§ **What you have to do**:
Every line from the one holding "Lengths in meters, angles in degrees." through the final line of the entries is to be reproduced exactly, and no other line.

§ **Data listing**:
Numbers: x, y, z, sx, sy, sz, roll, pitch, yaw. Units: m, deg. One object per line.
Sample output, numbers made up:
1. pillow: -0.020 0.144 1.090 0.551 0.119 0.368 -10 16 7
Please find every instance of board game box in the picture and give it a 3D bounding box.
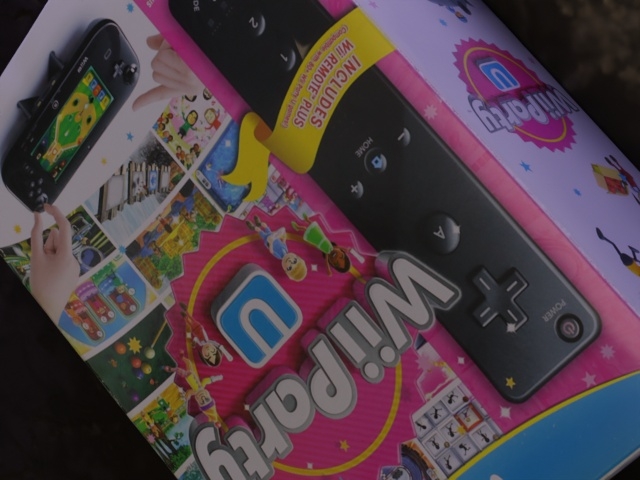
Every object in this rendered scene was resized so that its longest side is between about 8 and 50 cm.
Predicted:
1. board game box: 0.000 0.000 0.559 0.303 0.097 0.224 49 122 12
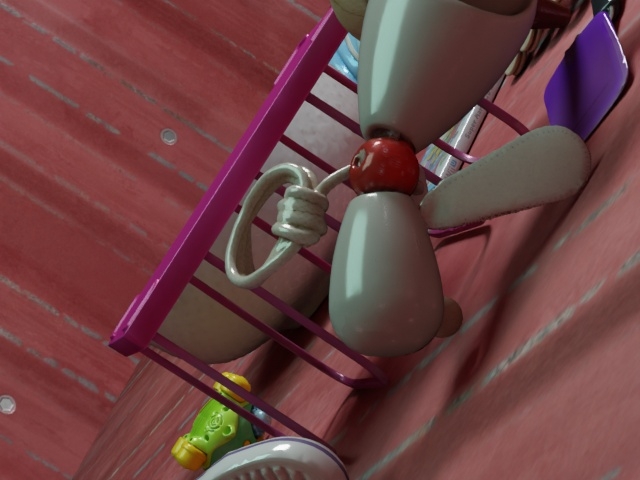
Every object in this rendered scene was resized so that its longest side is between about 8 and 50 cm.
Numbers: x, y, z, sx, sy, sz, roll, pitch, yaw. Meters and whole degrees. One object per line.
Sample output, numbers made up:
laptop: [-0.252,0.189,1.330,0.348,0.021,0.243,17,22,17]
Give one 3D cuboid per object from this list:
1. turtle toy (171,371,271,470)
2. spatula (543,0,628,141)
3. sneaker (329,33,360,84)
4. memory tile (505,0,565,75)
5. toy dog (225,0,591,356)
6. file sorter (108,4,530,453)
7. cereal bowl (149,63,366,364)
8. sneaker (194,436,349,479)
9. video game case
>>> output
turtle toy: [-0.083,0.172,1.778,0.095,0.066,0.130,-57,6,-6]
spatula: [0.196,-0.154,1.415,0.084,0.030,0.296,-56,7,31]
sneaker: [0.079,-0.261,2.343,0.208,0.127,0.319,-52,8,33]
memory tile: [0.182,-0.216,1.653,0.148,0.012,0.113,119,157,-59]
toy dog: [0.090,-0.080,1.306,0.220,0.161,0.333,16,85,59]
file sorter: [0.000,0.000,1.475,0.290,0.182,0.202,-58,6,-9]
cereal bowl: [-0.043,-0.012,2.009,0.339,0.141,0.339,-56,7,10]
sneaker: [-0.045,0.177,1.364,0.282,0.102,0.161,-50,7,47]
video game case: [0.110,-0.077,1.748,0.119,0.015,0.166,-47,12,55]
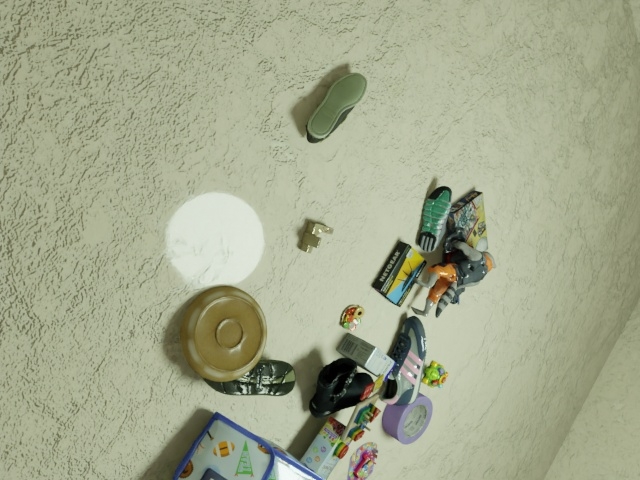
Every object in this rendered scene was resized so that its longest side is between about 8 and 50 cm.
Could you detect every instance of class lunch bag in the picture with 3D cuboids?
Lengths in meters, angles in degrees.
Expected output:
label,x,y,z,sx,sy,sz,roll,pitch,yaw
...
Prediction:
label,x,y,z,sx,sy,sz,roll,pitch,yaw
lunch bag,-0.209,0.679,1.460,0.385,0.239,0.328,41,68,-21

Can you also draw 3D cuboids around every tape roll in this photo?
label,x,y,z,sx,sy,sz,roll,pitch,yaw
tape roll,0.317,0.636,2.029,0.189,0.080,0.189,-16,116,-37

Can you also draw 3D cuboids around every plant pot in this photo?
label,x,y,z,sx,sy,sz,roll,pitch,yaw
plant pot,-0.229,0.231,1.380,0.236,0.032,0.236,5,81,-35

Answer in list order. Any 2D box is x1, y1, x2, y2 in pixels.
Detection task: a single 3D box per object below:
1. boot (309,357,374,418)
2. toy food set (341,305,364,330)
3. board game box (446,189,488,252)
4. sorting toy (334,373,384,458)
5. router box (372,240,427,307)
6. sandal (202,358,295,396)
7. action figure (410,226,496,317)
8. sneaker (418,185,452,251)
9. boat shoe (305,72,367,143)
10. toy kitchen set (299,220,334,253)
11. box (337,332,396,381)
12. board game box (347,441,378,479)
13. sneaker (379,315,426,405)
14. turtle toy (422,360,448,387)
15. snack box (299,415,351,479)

§ **Reply**:
Lengths in meters, angles in degrees.
Expected output:
label,x,y,z,sx,sy,sz,roll,pitch,yaw
...
Prediction:
label,x,y,z,sx,sy,sz,roll,pitch,yaw
lunch bag,-0.209,0.679,1.460,0.385,0.239,0.328,41,68,-21

Can you also draw 3D cuboids around every tape roll in this photo?
label,x,y,z,sx,sy,sz,roll,pitch,yaw
tape roll,0.317,0.636,2.029,0.189,0.080,0.189,-16,116,-37

Can you also draw 3D cuboids around every plant pot in this photo?
label,x,y,z,sx,sy,sz,roll,pitch,yaw
plant pot,-0.229,0.231,1.380,0.236,0.032,0.236,5,81,-35

Answer in list order. Any 2D box is x1, y1, x2, y2 in pixels.
Detection task: a single 3D box per object below:
1. boot (309,357,374,418)
2. toy food set (341,305,364,330)
3. board game box (446,189,488,252)
4. sorting toy (334,373,384,458)
5. router box (372,240,427,307)
6. sandal (202,358,295,396)
7. action figure (410,226,496,317)
8. sneaker (418,185,452,251)
9. boat shoe (305,72,367,143)
10. toy kitchen set (299,220,334,253)
11. box (337,332,396,381)
12. board game box (347,441,378,479)
13. sneaker (379,315,426,405)
14. turtle toy (422,360,448,387)
15. snack box (299,415,351,479)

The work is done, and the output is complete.